## Work item
For this item, repeat the material exactly while omitting its pictures.

☆ ☆ ☆ ☆ ☆

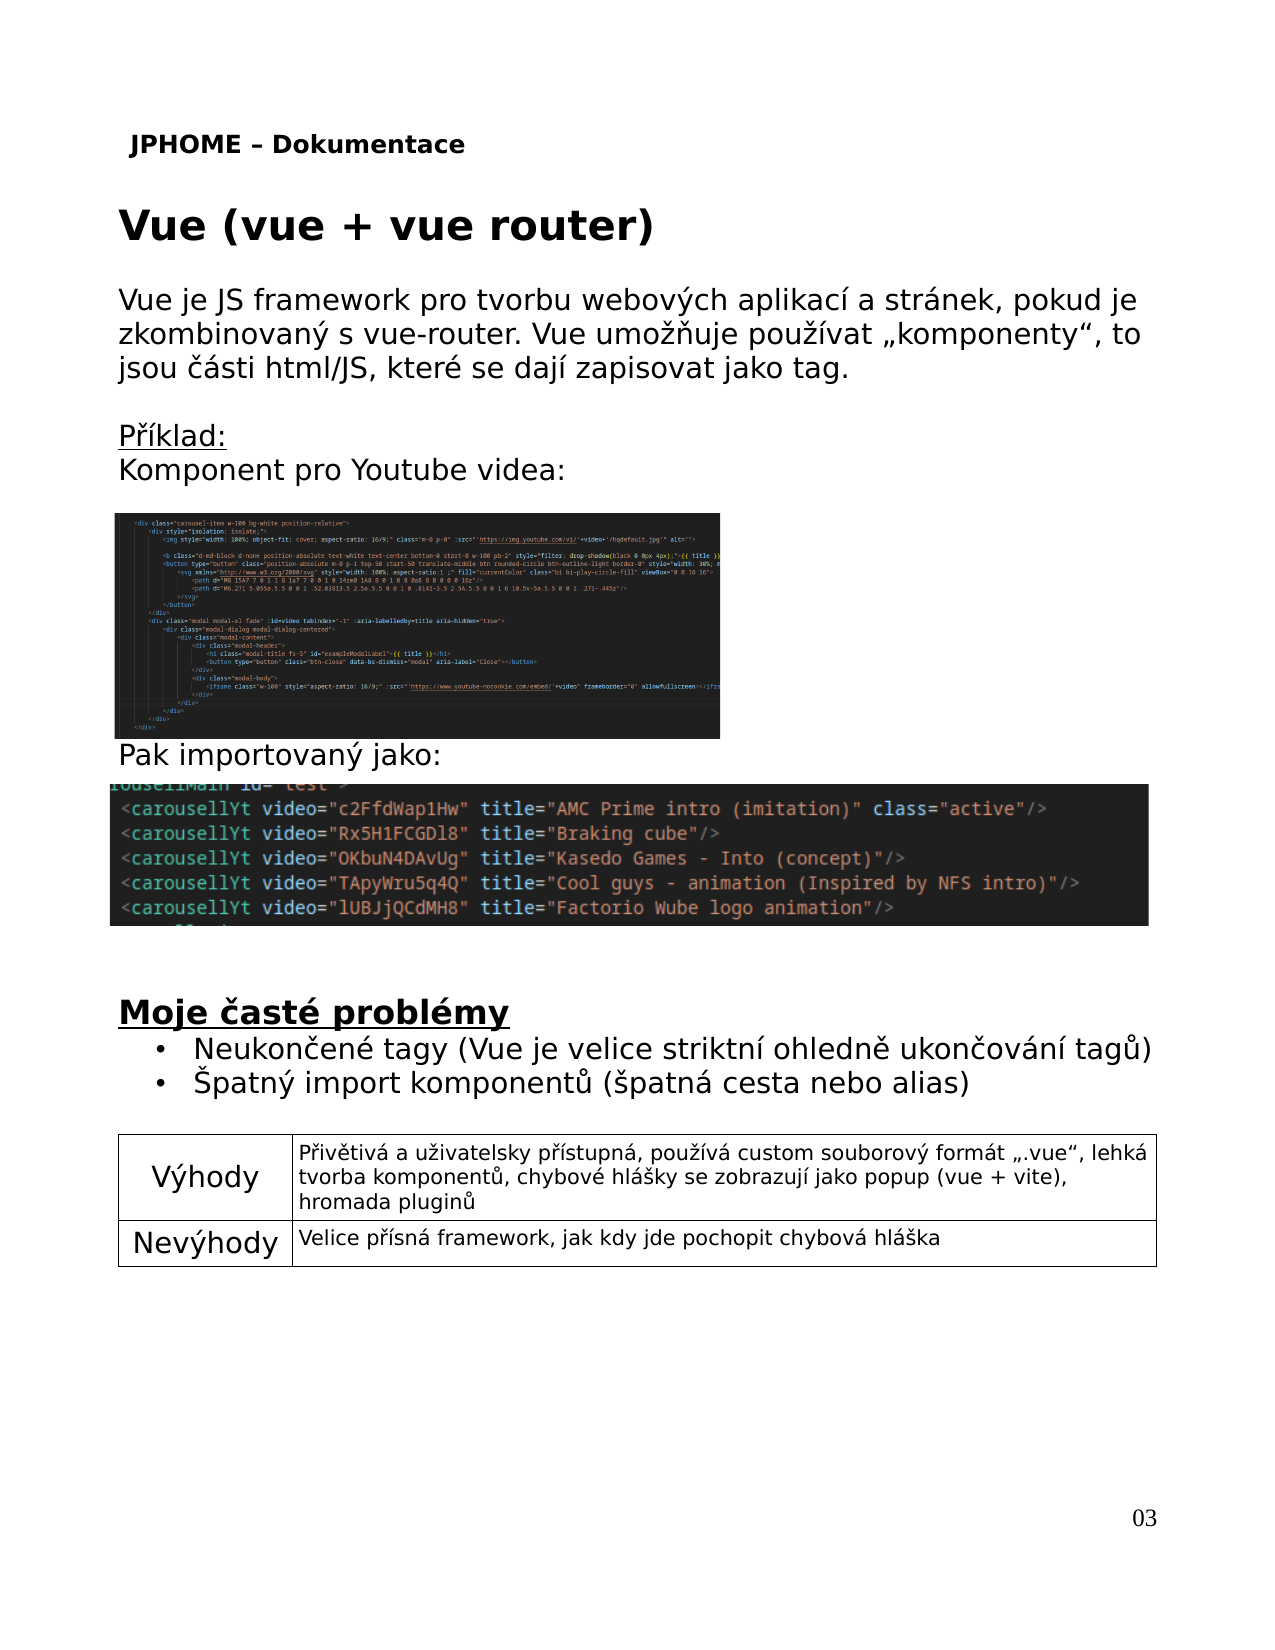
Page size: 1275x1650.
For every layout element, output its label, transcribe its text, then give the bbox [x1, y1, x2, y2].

text Moje časté problémy [118, 994, 1157, 1032]
text Pak importovaný jako: [118, 487, 1157, 773]
text Příklad: [118, 419, 1157, 453]
text Vue je JS framework pro tvorbu webových aplikací a stránek, pokud je zkombinovaný s vue-router. Vue umožňuje používat „komponenty“, to jsou části html/JS, které se dají zapisovat jako tag. [118, 284, 1157, 386]
text Komponent pro Youtube videa: [118, 453, 1157, 487]
list Špatný import komponentů (špatná cesta nebo alias) [156, 1066, 1157, 1100]
picture [109, 784, 1149, 926]
table_cell Nevýhody [119, 1221, 292, 1266]
table_cell Velice přísná framework, jak kdy jde pochopit chybová hláška [293, 1221, 1156, 1266]
table_header Přivětivá a uživatelsky přístupná, používá custom souborový formát „.vue“, lehká tvorba komponentů, chybové hlášky se zobrazují jako popup (vue + vite), hromada pluginů [293, 1135, 1156, 1220]
table_header Výhody [119, 1135, 292, 1220]
list Neukončené tagy (Vue je velice striktní ohledně ukončování tagů) [156, 1032, 1157, 1066]
picture [114, 513, 721, 739]
text Vue (vue + vue router) [118, 201, 1157, 250]
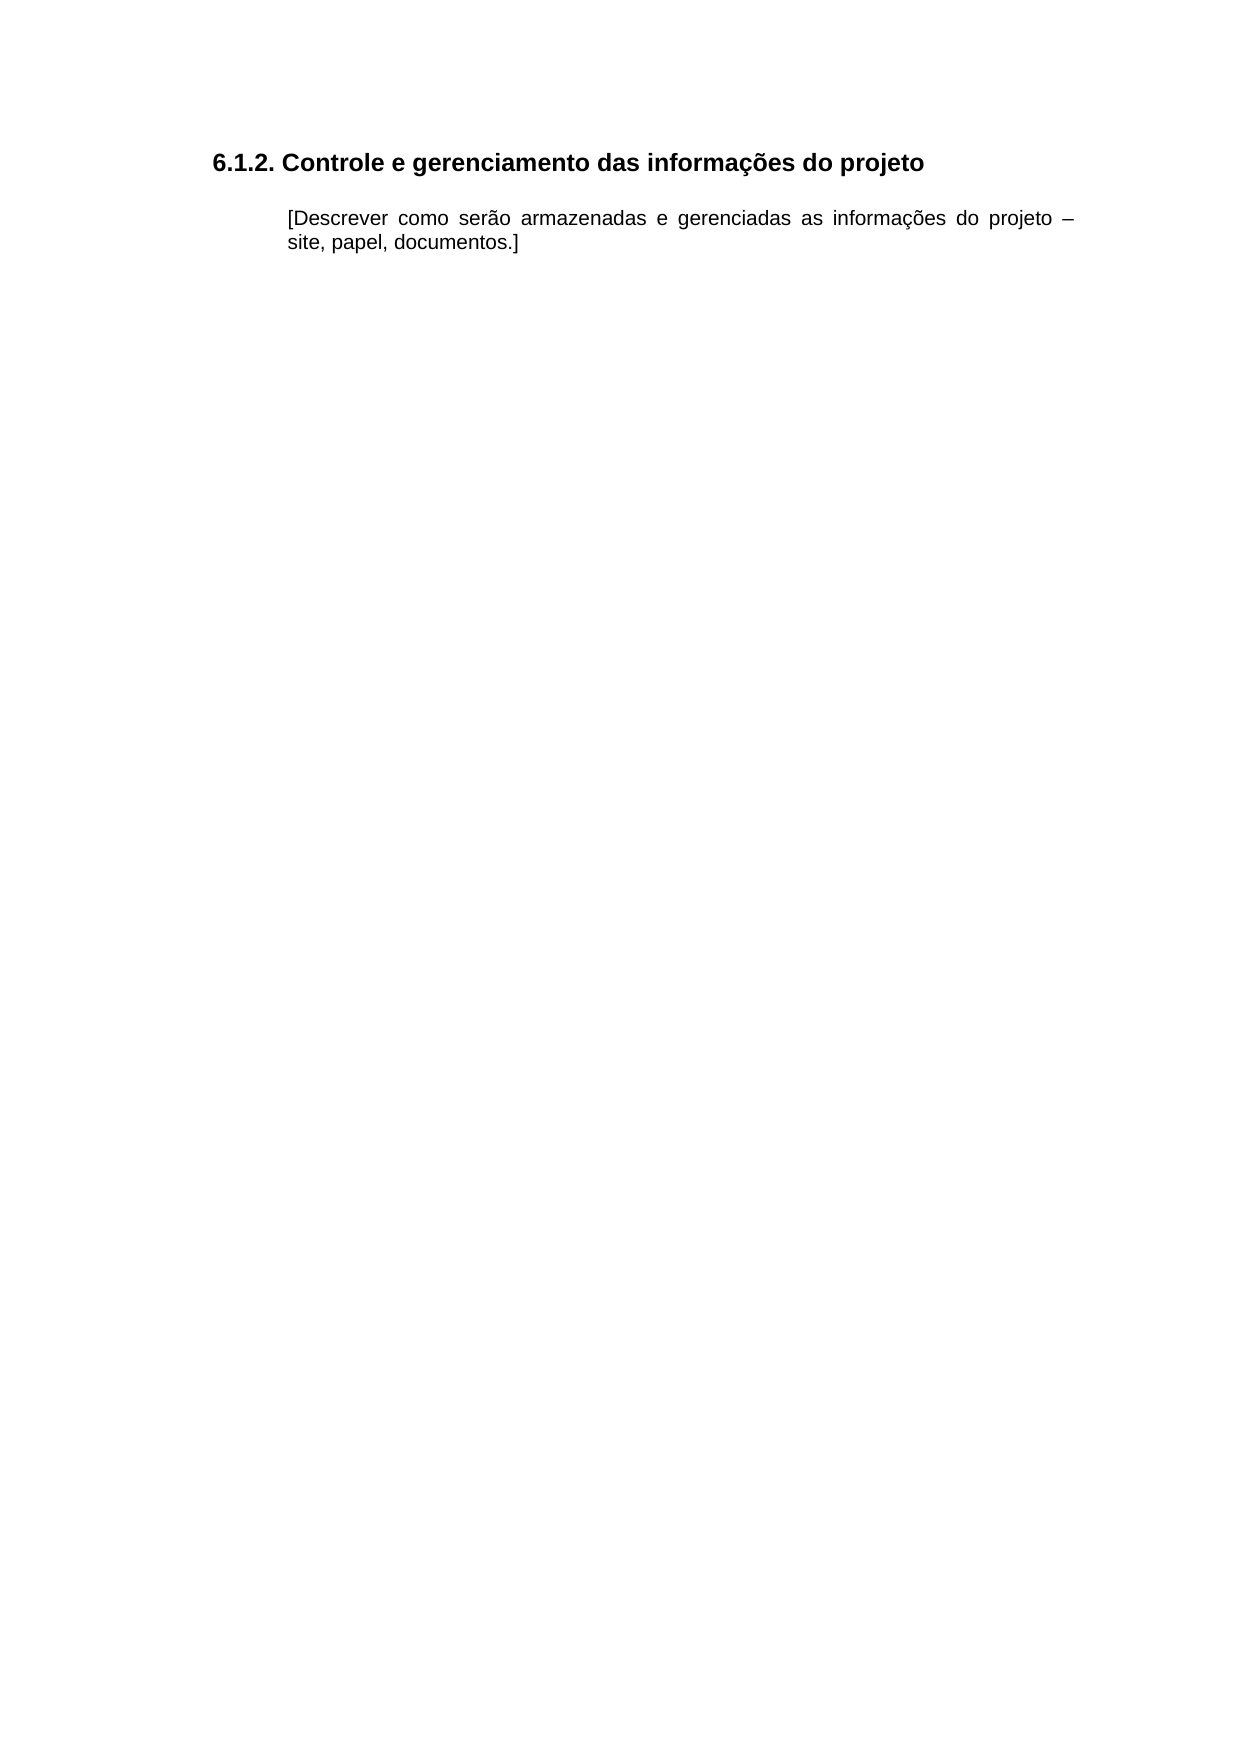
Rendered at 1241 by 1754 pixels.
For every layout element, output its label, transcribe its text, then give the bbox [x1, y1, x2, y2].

text 6.1.2. Controle e gerenciamento das informações do projeto [212, 148, 1075, 177]
text [Descrever como serão armazenadas e gerenciadas as informações do projeto – site, papel, documentos.] [287, 206, 1075, 254]
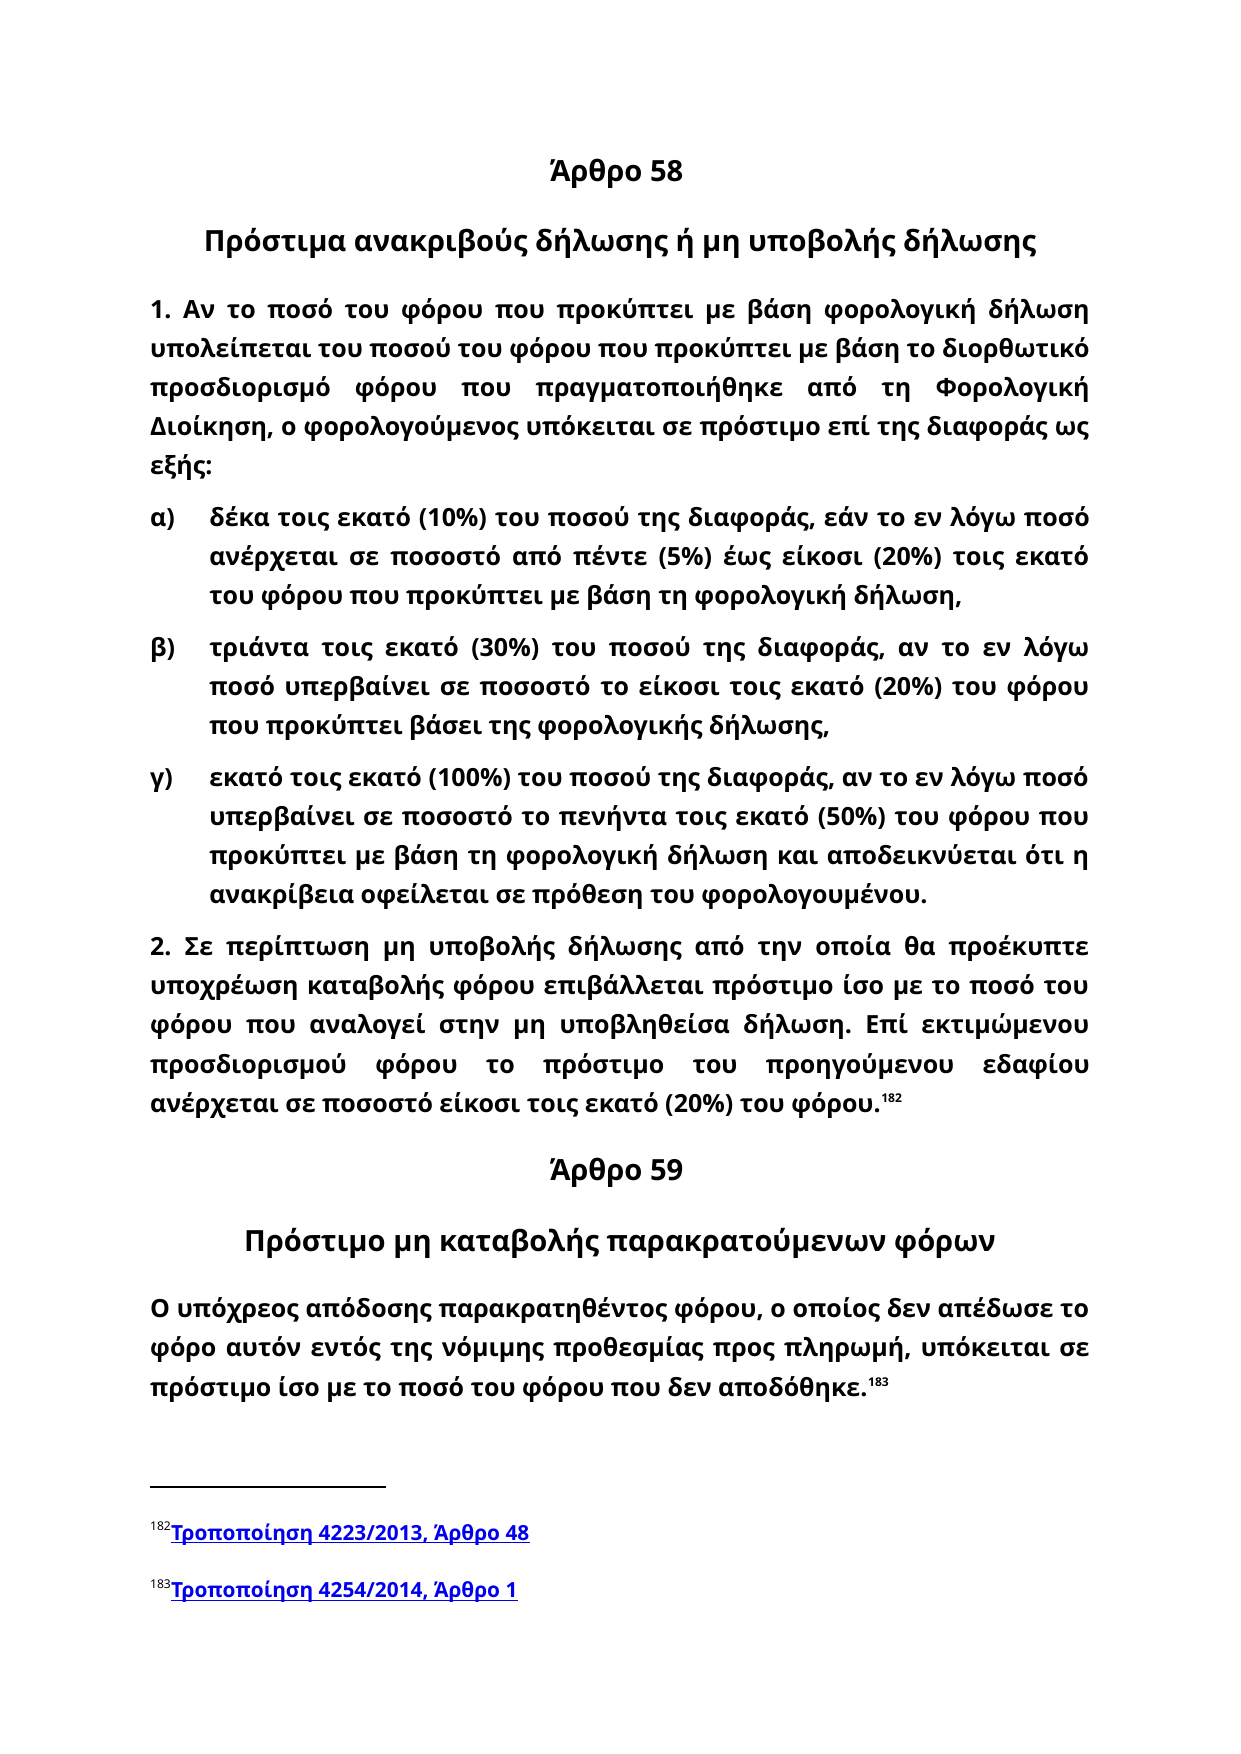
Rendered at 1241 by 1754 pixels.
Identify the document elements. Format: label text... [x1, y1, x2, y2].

☆ ☆ ☆ ☆ ☆

## Exercise answer
Page size: 1275x1650.
For every layout element, output its label, transcribe its text, then give the bbox [x1, y1, x2, y2].

text Moje časté problémy [118, 994, 1157, 1032]
text Pak importovaný jako: [118, 487, 1157, 773]
text Příklad: [118, 419, 1157, 453]
text Vue je JS framework pro tvorbu webových aplikací a stránek, pokud je zkombinovaný s vue-router. Vue umožňuje používat „komponenty“, to jsou části html/JS, které se dají zapisovat jako tag. [118, 284, 1157, 386]
text Komponent pro Youtube videa: [118, 453, 1157, 487]
list Špatný import komponentů (špatná cesta nebo alias) [156, 1066, 1157, 1100]
picture [109, 784, 1149, 926]
table_cell Nevýhody [119, 1221, 292, 1266]
table_cell Velice přísná framework, jak kdy jde pochopit chybová hláška [293, 1221, 1156, 1266]
table_header Přivětivá a uživatelsky přístupná, používá custom souborový formát „.vue“, lehká tvorba komponentů, chybové hlášky se zobrazují jako popup (vue + vite), hromada pluginů [293, 1135, 1156, 1220]
table_header Výhody [119, 1135, 292, 1220]
list Neukončené tagy (Vue je velice striktní ohledně ukončování tagů) [156, 1032, 1157, 1066]
picture [114, 513, 721, 739]
text Vue (vue + vue router) [118, 201, 1157, 250]
Rendered at 1241 by 1754 pixels.
For every layout element, output its label, transcribe its text, then give the bbox [x1, y1, x2, y2].

text 6.1.2. Controle e gerenciamento das informações do projeto [212, 148, 1075, 177]
text [Descrever como serão armazenadas e gerenciadas as informações do projeto – site, papel, documentos.] [287, 206, 1075, 254]
Rendered at 1241 by 1754 pixels.
Identify the document elements. Format: label text... [x1, y1, x2, y2].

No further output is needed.